What kind of Metaverse NFTs should I buy?
While there are dozens of different types of Metaverse NFTs to invest in, the key types are:
- Metaverse lands NFTs
- Metaverse builds NFTs
- Metaverse gaming and social NFTs
Acquire Metaverse Land
After buying Metaverse coins, the next investor step is usually to use their crypto to buy virtual real estate in the new frontier. According to McKinsey, this potentially becomes a $5 trillion market by 2030. 
To do this you need to:
- select one or more popular platforms
- purchase crypto valid in that Metaverse
- Explore its layout and land available for purchase
- choose a parcel of land
- make your purchase
While there are second-hand market places for NFTs, such as OpenSea, novices are better off buying NFTs directly from the metaverse source to avoid potential scams, which can be hard to spot at first.
Buying virtual land increases the risk factor, but also comes with potentially higher rewards. Assuming a Metaverse is successful, its land is going to become more and more valuable, both in relation to its crypto, but also in relation to fiat currency.
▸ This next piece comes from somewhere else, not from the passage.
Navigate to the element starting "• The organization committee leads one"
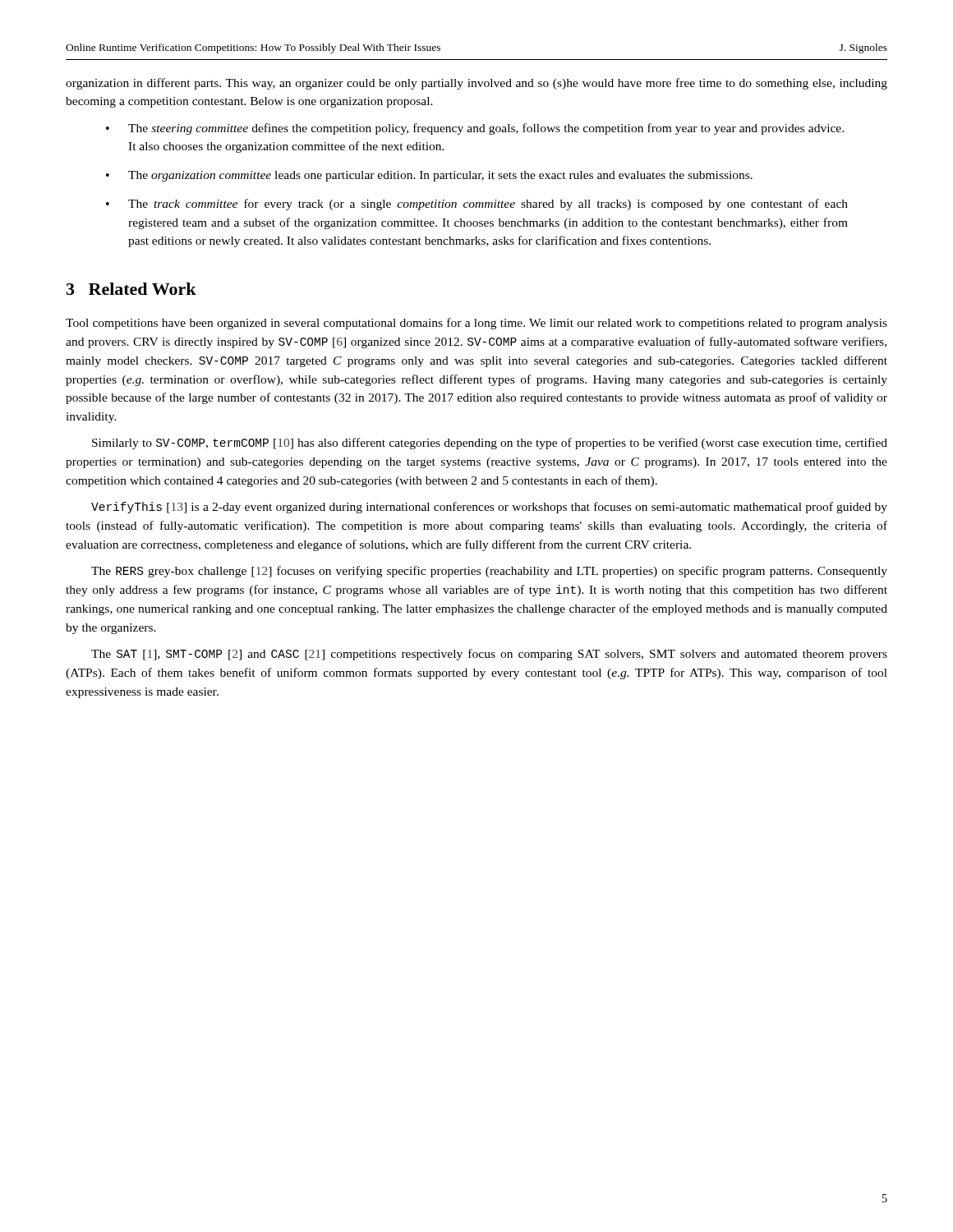Image resolution: width=953 pixels, height=1232 pixels. pyautogui.click(x=476, y=175)

However, just like in reality, land is typically more expensive closer to activity hives and cheaper further out. This can make buying land a complex decision, usually factoring a compromise between affordability and a central location.
Further, one parcel of land in the Sandbox is about 300 square feet in the game world. In Decentraland, it’s just 50 square feet. For perspective, the average UK house is about 1,000 square feet.
You also need to consider buying land in multiple Metaverses in order to diversify against potential losses.
Much like real life property investing, it’s also possible to rent out land in the Metaverse through PARSIQ’s IQ Protocol, a DeFi platform that provides ways for developers to generate income. Rents are negotiated and subsequently enforced via smart contracts.
Does Metaverse land hold value?
Metaverse land has sunk in value in 2022. According to WeMeta, the average price of lands across Decentraland peaked at $37,238 in February 2022, but has now fallen to just $5,163. Similarly, the Sandbox’s average sale price dropped from around $35,500 in January to around $2,800 by August. 
And overall, the average price per parcel of virtual lands across the six major Ethereum metaverse projects collapsed by 85% from approximately $17,000 in January to around $2,500 in August.
Depending on your perspective, this is either a disaster, or a once-in-a-lifetime investing opportunity.
What is the Monopoly strategy?
Users who buy enough adjacent land plots can combine them to create a single estate, usually doing so in the most desirable central locations surrounded by roads and virtual foot traffic.
For example, one Decentraland estate entitled ‘The Secrets of Satoshi’s Tea Garden’ is made up of 64 separate plots of land and sold for 1.3 million MANA in 2019. 
The Monopoly strategy is to buy individual plots of land in popular locations that are needed to complete estates. The idea is that neighboring investors will pay higher prices to acquire it, much like the board game Monopoly.
This is a high risk, high reward strategy, as it requires your Metaverse neighbor to be both interested and liquid enough to pay a premium for your piece of land.
Rent or buy prefabricated metaverse buildings
Instead of buying land, it’s possible to directly rent or buy prefabricated structures that can be directly put to use in online worlds. For example, you could buy a virtual storefront to enable a company to showcase 3D digital replicas of physical assets in the Metaverse. This strategy has previously been employed by larger companies such as Warner Bros., Nike, and Ralph Lauren.
Positively, the method can apply to a vast range of sectors, including retail, art and entertainment. However, the entry cost to gain exposure can be high. You need a large space to generate value effectively, making the minimum investment threshold too high for most retail investors.